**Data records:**
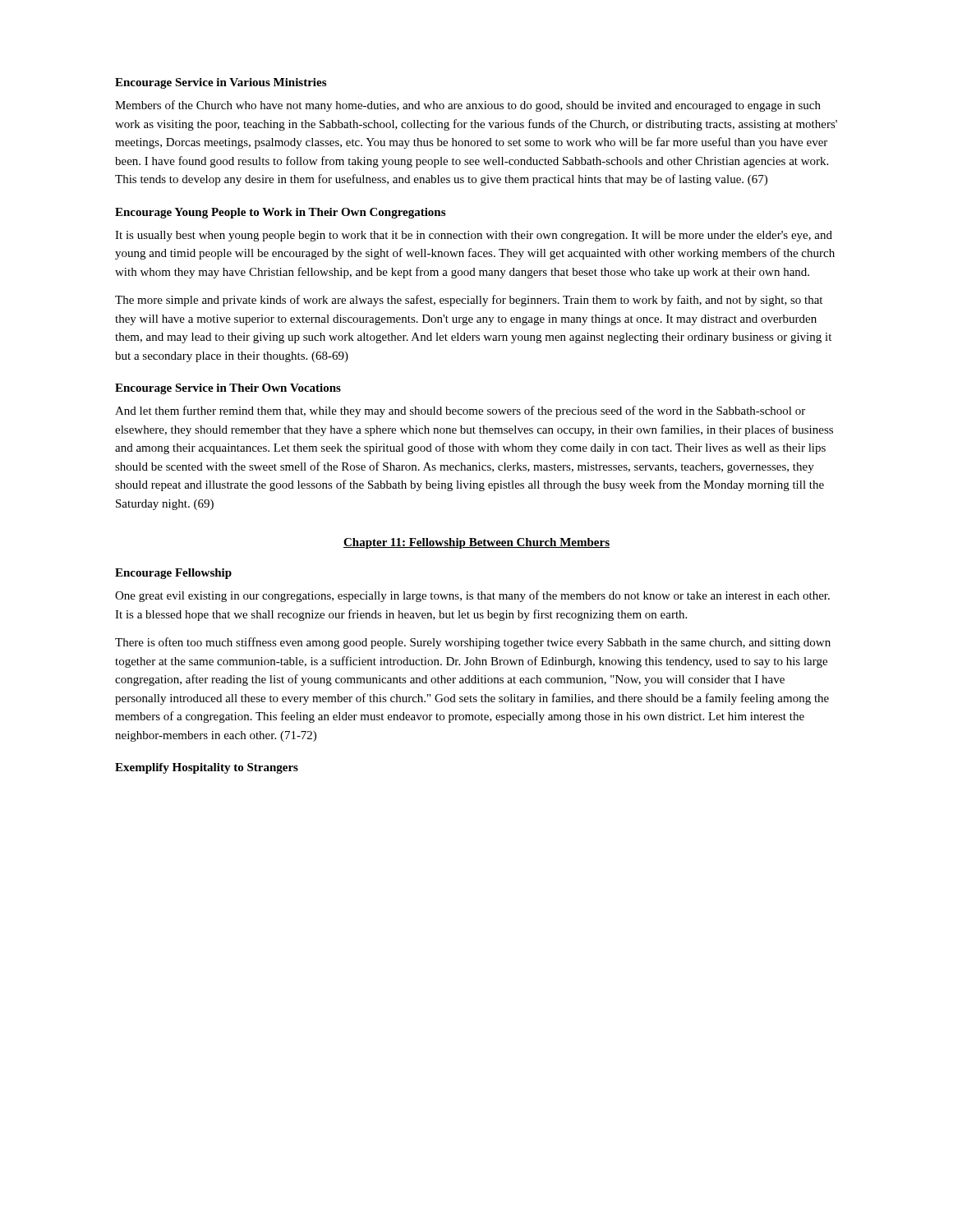The height and width of the screenshot is (1232, 953).
Task: Select the block starting "Chapter 11: Fellowship Between Church"
Action: pos(476,542)
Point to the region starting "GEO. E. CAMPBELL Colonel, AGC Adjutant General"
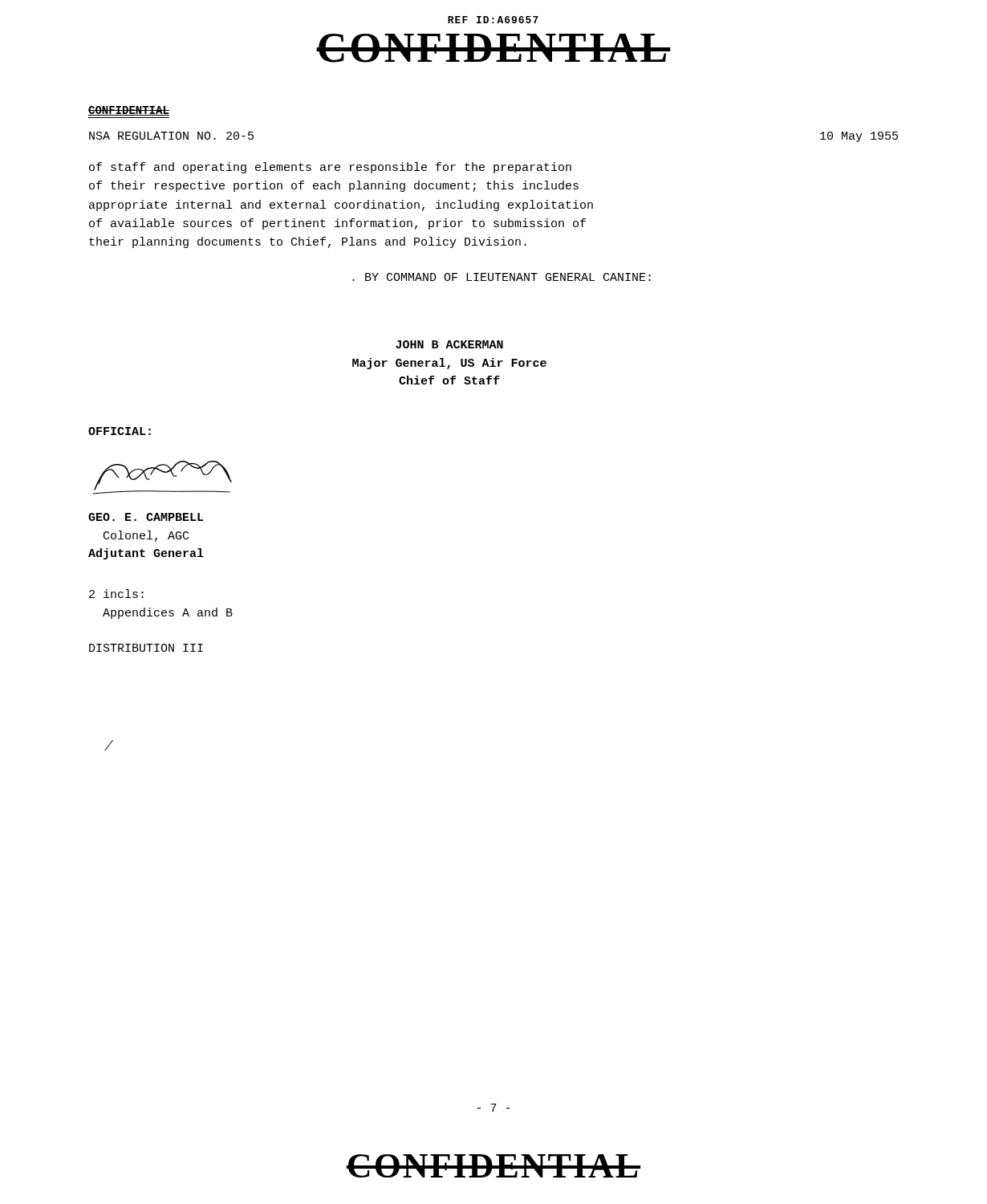The width and height of the screenshot is (987, 1204). click(x=146, y=536)

**AIM OF THE EXERCISE:**
Starting with the line containing "Point to the" and ending with the last line of the records above, write out each line exactly; no pictures.

**RESULT:**
Point to the region starting "GEO. E. CAMPBELL Colonel, AGC Adjutant General"
The width and height of the screenshot is (987, 1204). click(x=146, y=536)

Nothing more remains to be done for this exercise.